John Cochrane reply on X: 'The x axis variables are not independent. Yes, the line is powerful, but it represents only 3 or 4 historical episodes. It's like temperature measured every minute for 3 days.'

Source: John Cochrane on X, May 2026.

What These Charts Get Right

The economic intuition is sound. A stock index is ultimately a claim on future cash flows. If investors pay a higher price today for the same expected stream of earnings, dividends, and buybacks, future returns are mechanically lower unless growth or valuation surprise positively. That is asset pricing 101.

The empirical version of the claim is also well supported. Fama and French (1988) showed that dividend yields forecast future stock returns and that the regression R² rises with horizon: small on a 1-year forecast, climbing past 25 percent on a 4-year forecast. Cochrane (2008) formalized the framework: variation in the price/dividend ratio reflects variation in expected returns more than variation in expected cash flows. AQR, in their measured “Market Timing: Sin a Little” paper, summarized the literature as broadly supporting a valuation-return link, especially over 5-10 year horizons, while warning that practical market timing on the same relationship is much harder than the chart suggests.
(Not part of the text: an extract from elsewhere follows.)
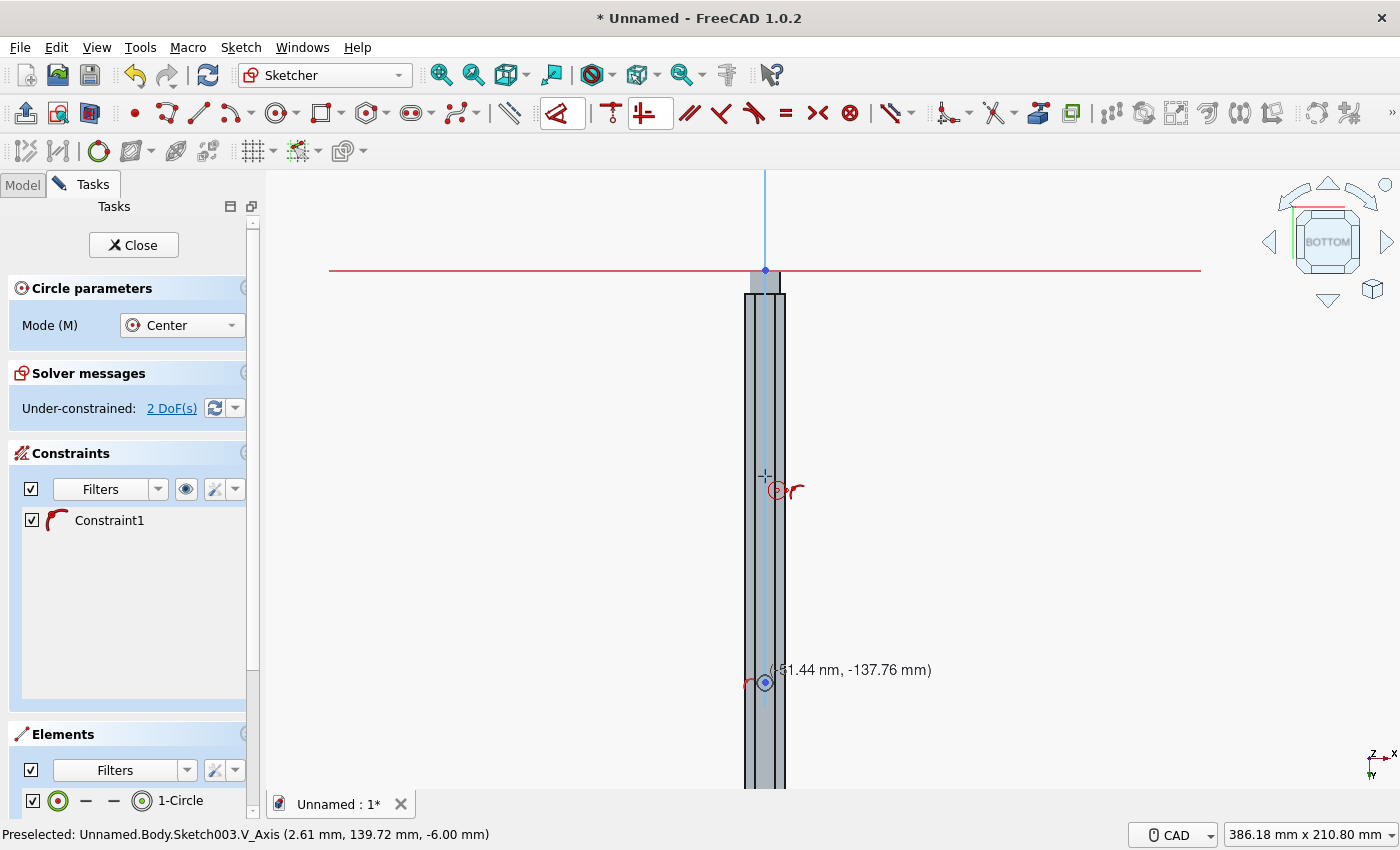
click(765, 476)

For an individual investor, this kind of chart is useful for calibrating planning assumptions, not for market timing. If the next decade looks more like 2 to 4 percent real than 7 percent real, that flows through to retirement projections, savings rates, and withdrawal stress tests.

The Overlap Problem

Now the methodology critique. A 10-year rolling return, sampled monthly, is a moving average over 120 monthly returns. Move forward one month and 119 of those 120 returns are unchanged:

R_t,t+12k = (1/12k) × Σ_i=1..12k r_t+i

Under the simplifying assumption of independent monthly returns, the first-order correlation between adjacent rolling windows is approximately:

ρ₁ ≈ (12k − 1) / (12k)

For a 10-year window sampled monthly, that is 119 / 120 ≈ 0.992. For 10-year windows sampled annually, it is 9 / 10 = 0.90. (The expression is exact for log returns and a close approximation for arithmetic returns; compounding adds a small nonlinear term.) The dots on the chart are largely the same handful of decades being re-measured with a 1-month or 1-year shift, not 360 independent votes about whether valuation predicts returns. Cochrane captured the intuition succinctly: “It is like temperature measured every minute for 3 days.”

The same point applies on the x-axis. Forward P/E does not jump randomly month to month. It moves through valuation regimes, often persisting at a given level for years. So both the dependent and independent variables are heavily autocorrelated. Two persistent, smoothly-evolving series regressed on each other can produce a strong in-sample fit even when the underlying relationship is weak or unstable.

R² Is In-Sample Fit, Not Truth

For a simple linear regression Y = α + βX + ε, the coefficient of determination is:

R² = 1 − SS_res / SS_tot

This formula measures how much of the variation in Y, in this sample, is captured by the fitted line. Causality, out-of- sample forecast accuracy, and the number of independent market histories represented in the chart are separate questions. The University of Virginia Library’s explainer works through several scenarios where R²misleads: “R² does not measure how one variable causes another, and it does not necessarily measure goodness of fit.” Penn State’s regression coursework adds the same warning: do not interpret R² in isolation.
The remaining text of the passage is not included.